All lines in the data that hold the word "from" need copying.

(SOURCE DATA)
- Opening Delimiter -

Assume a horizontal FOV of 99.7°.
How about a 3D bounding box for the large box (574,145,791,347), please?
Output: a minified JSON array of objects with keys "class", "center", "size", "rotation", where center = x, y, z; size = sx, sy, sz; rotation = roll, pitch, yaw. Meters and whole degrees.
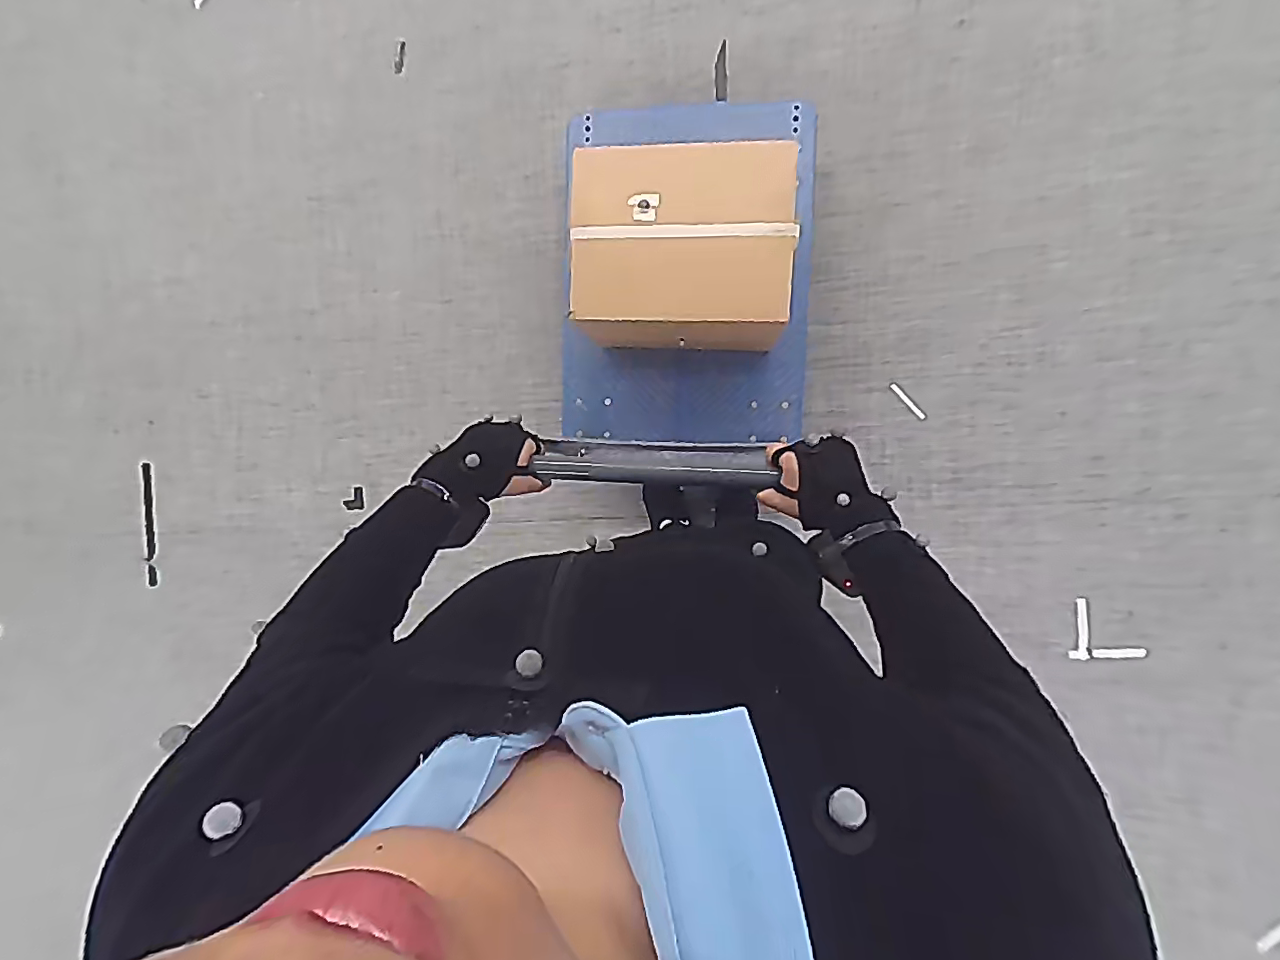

- Closing Delimiter -
- Opening Delimiter -

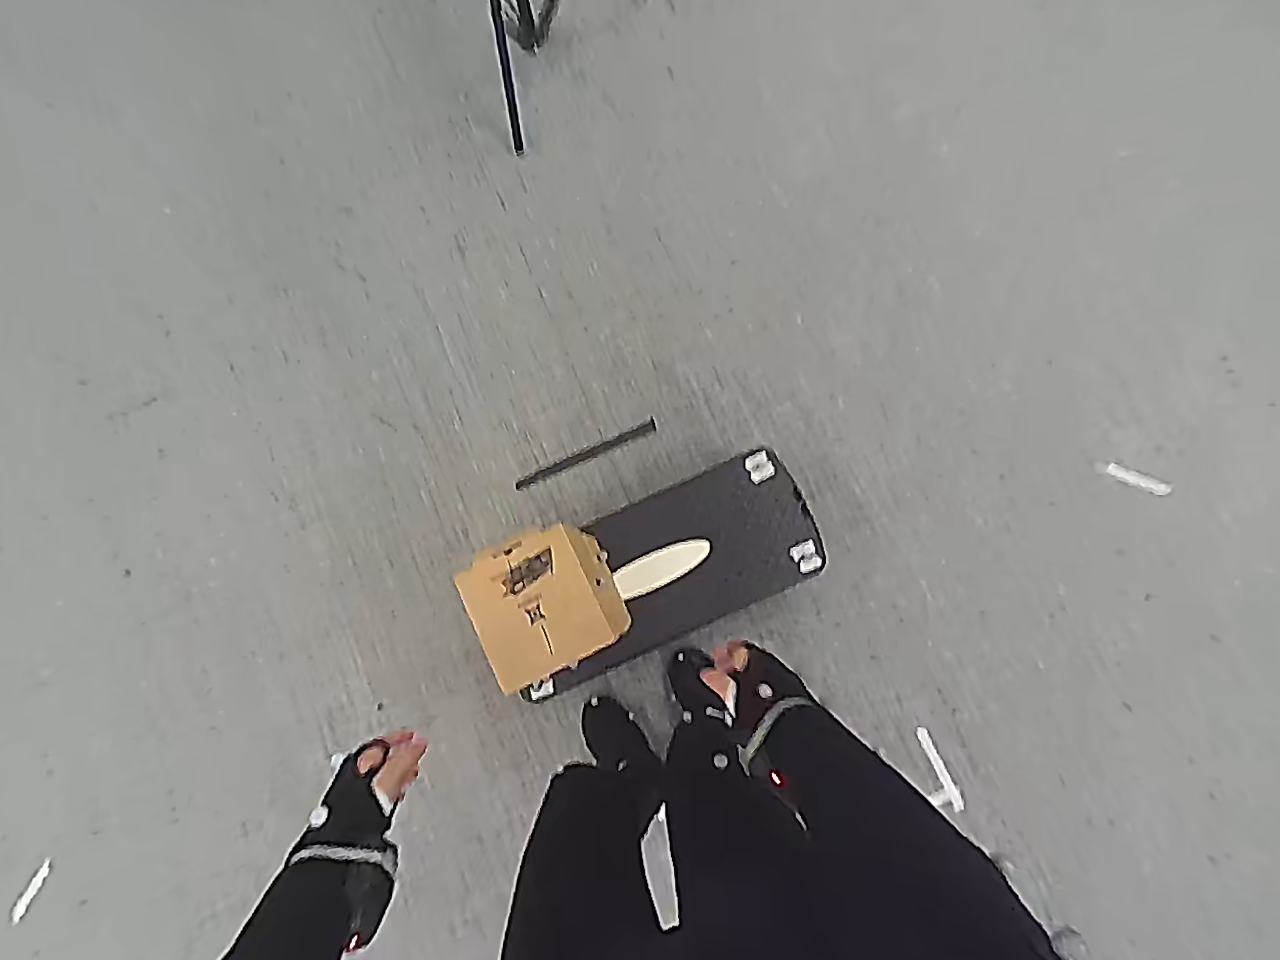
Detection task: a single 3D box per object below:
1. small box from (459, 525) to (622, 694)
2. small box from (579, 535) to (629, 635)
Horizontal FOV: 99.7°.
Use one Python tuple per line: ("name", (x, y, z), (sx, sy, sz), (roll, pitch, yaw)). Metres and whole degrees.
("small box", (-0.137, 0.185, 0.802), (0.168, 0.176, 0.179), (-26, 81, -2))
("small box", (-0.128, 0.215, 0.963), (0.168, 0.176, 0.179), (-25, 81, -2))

- Closing Delimiter -
- Opening Delimiter -

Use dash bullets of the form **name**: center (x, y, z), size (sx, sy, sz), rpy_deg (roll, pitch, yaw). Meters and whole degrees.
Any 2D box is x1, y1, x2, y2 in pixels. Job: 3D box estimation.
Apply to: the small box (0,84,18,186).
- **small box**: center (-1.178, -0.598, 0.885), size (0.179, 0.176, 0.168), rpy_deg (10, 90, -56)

- Closing Delimiter -

(YOUR RESPONSE)
1. small box from (459, 525) to (622, 694)
2. small box from (579, 535) to (629, 635)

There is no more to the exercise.